Father Sava was speaking within the leafy precincts of the 14th-century monastery of Gracanica, a short distance south of Pristina, the provincial capital. It is one of the reasons why Kosovo is considered the seat of Serbian Orthodoxy: Gracanica and other monasteries are the oldest foundations in the faith. Today the head of Serbian Orthodoxy, Patriarch Pavle Ras- Prizren, will officiate at a solemn liturgy in the monastery to commemorate the 610th anniversary of the battle of Kosovo Polje (the Field of Blackbirds), which is seen by Serbs as the key to their national identity. For many others, however, the battle is significant because of its exploitation by Slobodan Milosevic, through which he enlisted the support of many in the Church.

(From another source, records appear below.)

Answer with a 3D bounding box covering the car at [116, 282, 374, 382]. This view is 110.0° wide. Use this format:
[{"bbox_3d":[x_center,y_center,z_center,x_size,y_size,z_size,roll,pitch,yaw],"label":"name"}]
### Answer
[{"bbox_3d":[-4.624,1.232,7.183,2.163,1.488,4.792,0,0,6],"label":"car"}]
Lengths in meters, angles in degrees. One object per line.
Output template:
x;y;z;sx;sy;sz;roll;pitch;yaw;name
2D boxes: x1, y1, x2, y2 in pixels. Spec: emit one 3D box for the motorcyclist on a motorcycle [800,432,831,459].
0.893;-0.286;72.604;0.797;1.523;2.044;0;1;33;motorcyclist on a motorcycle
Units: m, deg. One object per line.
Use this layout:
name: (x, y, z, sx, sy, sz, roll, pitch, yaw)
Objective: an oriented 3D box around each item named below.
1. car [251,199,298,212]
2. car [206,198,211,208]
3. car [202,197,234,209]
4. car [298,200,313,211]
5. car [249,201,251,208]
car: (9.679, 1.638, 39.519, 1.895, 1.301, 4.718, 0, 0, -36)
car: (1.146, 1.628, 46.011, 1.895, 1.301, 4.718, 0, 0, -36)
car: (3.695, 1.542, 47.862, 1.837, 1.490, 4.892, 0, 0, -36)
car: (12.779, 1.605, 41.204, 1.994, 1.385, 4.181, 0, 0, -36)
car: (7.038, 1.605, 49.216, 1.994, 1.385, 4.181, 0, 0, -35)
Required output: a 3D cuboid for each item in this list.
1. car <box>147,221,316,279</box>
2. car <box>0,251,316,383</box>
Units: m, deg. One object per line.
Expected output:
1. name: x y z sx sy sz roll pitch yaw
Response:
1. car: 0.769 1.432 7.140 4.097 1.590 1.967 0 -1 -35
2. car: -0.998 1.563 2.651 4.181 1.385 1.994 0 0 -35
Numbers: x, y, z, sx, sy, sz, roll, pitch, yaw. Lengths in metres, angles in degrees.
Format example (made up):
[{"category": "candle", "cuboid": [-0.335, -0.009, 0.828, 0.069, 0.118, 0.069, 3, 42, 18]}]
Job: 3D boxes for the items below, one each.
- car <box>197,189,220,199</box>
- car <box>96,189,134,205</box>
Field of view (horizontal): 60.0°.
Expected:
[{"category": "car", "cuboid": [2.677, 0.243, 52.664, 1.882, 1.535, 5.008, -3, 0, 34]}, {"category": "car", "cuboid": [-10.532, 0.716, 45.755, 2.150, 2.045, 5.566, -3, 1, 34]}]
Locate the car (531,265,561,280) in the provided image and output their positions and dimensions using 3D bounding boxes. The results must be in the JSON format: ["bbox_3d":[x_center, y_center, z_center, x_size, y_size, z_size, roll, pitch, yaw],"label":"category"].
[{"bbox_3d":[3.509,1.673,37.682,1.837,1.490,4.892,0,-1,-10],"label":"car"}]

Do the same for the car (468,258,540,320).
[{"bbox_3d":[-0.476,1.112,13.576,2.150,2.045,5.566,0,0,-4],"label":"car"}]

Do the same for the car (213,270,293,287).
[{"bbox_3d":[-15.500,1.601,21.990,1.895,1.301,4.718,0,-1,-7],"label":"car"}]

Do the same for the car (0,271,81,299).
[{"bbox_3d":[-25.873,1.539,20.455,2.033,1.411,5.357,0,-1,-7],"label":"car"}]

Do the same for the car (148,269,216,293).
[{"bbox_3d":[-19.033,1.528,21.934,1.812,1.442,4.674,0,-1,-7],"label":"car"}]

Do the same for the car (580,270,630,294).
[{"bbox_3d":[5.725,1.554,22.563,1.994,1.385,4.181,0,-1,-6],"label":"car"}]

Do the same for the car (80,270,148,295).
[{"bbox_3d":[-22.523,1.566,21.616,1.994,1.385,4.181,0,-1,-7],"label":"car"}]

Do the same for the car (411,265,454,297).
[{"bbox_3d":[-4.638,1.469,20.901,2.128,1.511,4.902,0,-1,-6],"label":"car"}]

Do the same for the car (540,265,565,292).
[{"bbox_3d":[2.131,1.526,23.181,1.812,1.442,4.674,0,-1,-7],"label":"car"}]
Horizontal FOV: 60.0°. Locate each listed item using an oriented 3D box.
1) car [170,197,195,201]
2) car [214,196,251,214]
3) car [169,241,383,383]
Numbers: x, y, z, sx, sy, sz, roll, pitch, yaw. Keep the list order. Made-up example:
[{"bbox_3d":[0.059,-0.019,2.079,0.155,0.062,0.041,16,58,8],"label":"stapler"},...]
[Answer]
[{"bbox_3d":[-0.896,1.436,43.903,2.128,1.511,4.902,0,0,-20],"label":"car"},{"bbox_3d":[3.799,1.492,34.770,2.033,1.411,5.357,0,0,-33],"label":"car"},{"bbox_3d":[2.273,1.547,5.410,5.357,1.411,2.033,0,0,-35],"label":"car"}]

The Serbian Orthodox hierarchy did much to foster the tide of Serbian nationalism which Mr Milosevic later rode. In 1987 bishops decided to take the relics of Prince Lazar in procession from monastery to monastery, an event which attracted huge crowds and helped to re-establish the Church at the centre of the Serbs' sense of nationhood. In April the same year Mr Milosevic, then an obscure Communist Party official, gave the speech which was to make his career. At Kosovo Polje, the mainly Serb satellite town of Pristina named after the battle, he put himself at the head of Serbian nationalists who had been fighting the police, telling them: "Nobody should dare to beat you!"

Two years later, having risen to the verge of the Yugoslav presidency, Mr Milosevic came to Kosovo to commemorate the 600th anniversary of the battle. On 28 April 1989, amid scenes of adulation not seen since the death of Tito in 1980, he spoke to a crowd of a million people. Behind him on the podium was a row of Orthodox bishops. Reminded of this a decade later, Father Sava said: "The Orthodox Church does not have a unified political standpoint. There are a lot of deluded people in our number - probably many of them still support Milosevic."

But the Kosovo in which the 610th anniversary will be marked is very different from a year ago, let alone a decade ago. Yugoslav security forces have gone, and the Nato troops who replaced them are struggling to protect an ever-dwindling Serb minority from the revenge of the Albanian population. Yesterday the people of Belo Polje, a Serbian village near Pec, fled to the city's monastery after Albanians, said to be in Kosovo Liberation Army uniforms, burned and looted their homes. They also allegedly raped and murdered a mentally ill Serbian woman.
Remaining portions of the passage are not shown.